SPOTLIGHT di MARCO BRUNACCI | L’Istituto guidato da Bernardo Mattarella pronto ad acquisire le quote della Popolare di Bari. La vocazione umbra garantita dal Piano industriale e dai vertici. A questo punto diventa ininfluente la decisione che prenderà la Fondazione CariOrvieto

di Marco Brunacci

PERUGIA – Nella strategia delle imprese al centro dell’economia umbra (oggi l’ha indicata come scelta per il Paese, il ministro Urso) era indispensabile per la governatrice Tesei poter contare su una rete regionale del credito.

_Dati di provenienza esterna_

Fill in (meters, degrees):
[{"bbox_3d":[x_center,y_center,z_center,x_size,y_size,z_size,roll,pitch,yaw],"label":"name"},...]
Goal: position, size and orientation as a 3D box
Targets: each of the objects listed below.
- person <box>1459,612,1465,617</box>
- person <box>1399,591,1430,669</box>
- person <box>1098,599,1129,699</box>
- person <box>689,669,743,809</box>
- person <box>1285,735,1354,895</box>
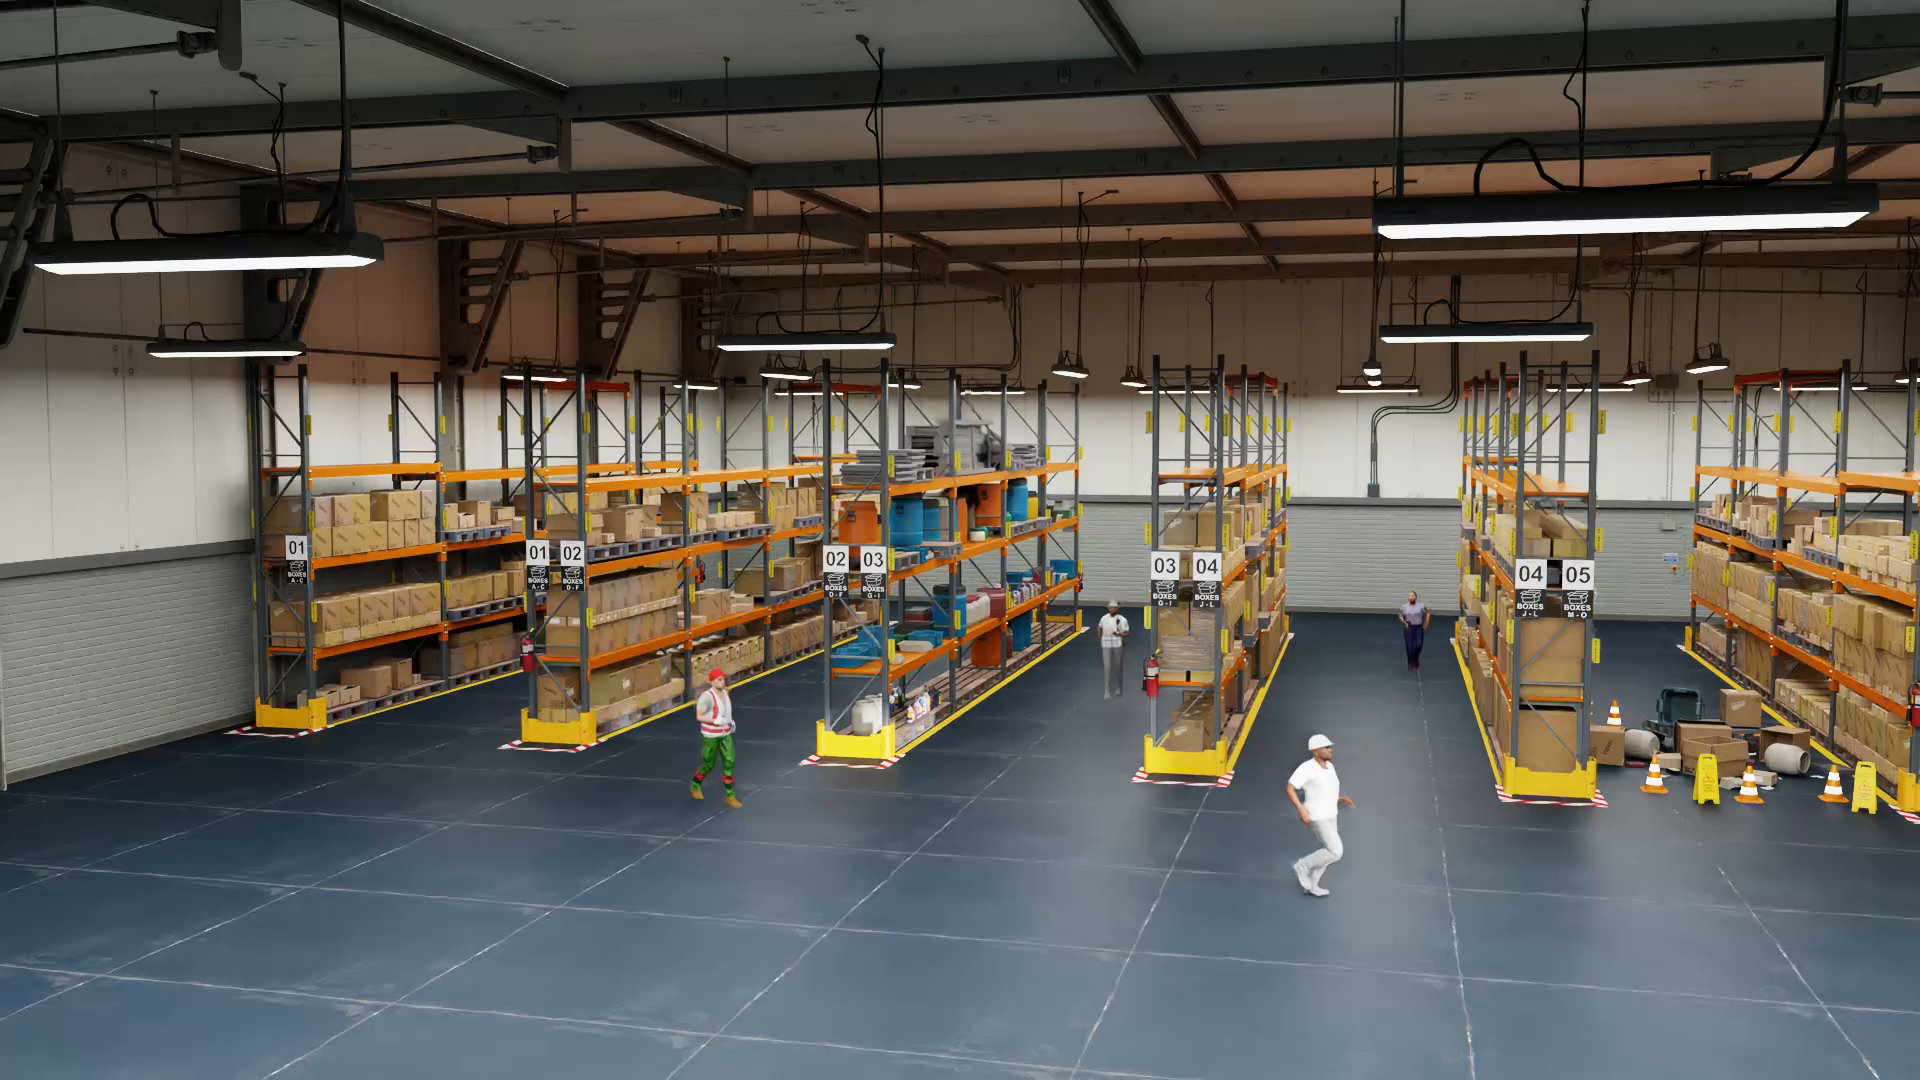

L’idea originale – riportata mesi fa da Umbria7 – prevedeva uno schema a 4 punte (Banco Desio, Bcc Centro, Bcc Bettona Spello e CariOrvieto). Oggi i riferimenti restano 4, ma con valenze diverse.
L’operazione riuscita, per la quale Tesei (che ieri ha incontrato a palazzo Donini i vertici dell’Istituto) può dire in piena coscienza “missione compiuta”, è quella di CariOrvieto.
Qualcosa di simile a quello che è successo con il recupero dell’area di Monteluce. Un partner pubblico nazionale in aiuto dei buoni progetti della Regione.
A Monteluce c’è Amco, qui il Cavaliere bianco pubblico si chiama Mediocredito centrale (Mcc).
E, al di là dell’incontro con Tesei, la novità che di fatto pone la parola fine alla complicata vicenda, è che Mcc ha deciso di acquisire le quote di Banca Popolare di Bari.
Indiscrezioni dicono che l’operazione potrebbe chiudersi in poche settimana
Tesei, nella sua strategia del credito, immaginava una CariOrvieto molto calata sul territorio, in ascolto delle esigenze delle imprese, e senza più ingombranti legami con PopBari.
Questo era possibile solo con il pieno controllo della banca orvietano da parte di Mcc, dell’illustre presidente Bernardo Mattarella, oggi anche alla guida di Invitalia.
Ora questo è realtà. Missione compiuta, come si diceva.
E rende poco rilevante la decisione che prenderà la Fondazione CariOrvieto, che ragionevolmente non sarà in grado di trovare risorse per mantenere il 30% della banca. E fatalmente finirà per diluire la propri quota, in questa fase di indispensabile aumento di capitale.
La decisione, comunque, diventa marginale. L’interlocuzione diretta dei vertici della Regione con quelli della banca (Farabbi, Corbanelli), ma soprattutto col leader di Mcc Mattarella, consentiranno di far valere le previsioni del Piano industriale, e garantirà la vocazione territoriale della banca. Nel Piano sono anche previste nuove assunzioni e lo sviluppo di un brand autonomo.
Mentre si pensa al mantenimento di un “credito accomodante”.
CariOrvieto è un istituto di credito di rilievo col suo volume di prestiti (intorno al miliardo e mezzo). E’ pronto adesso a incidere sullo sviluppo dell’Umbria, partendo dal sud.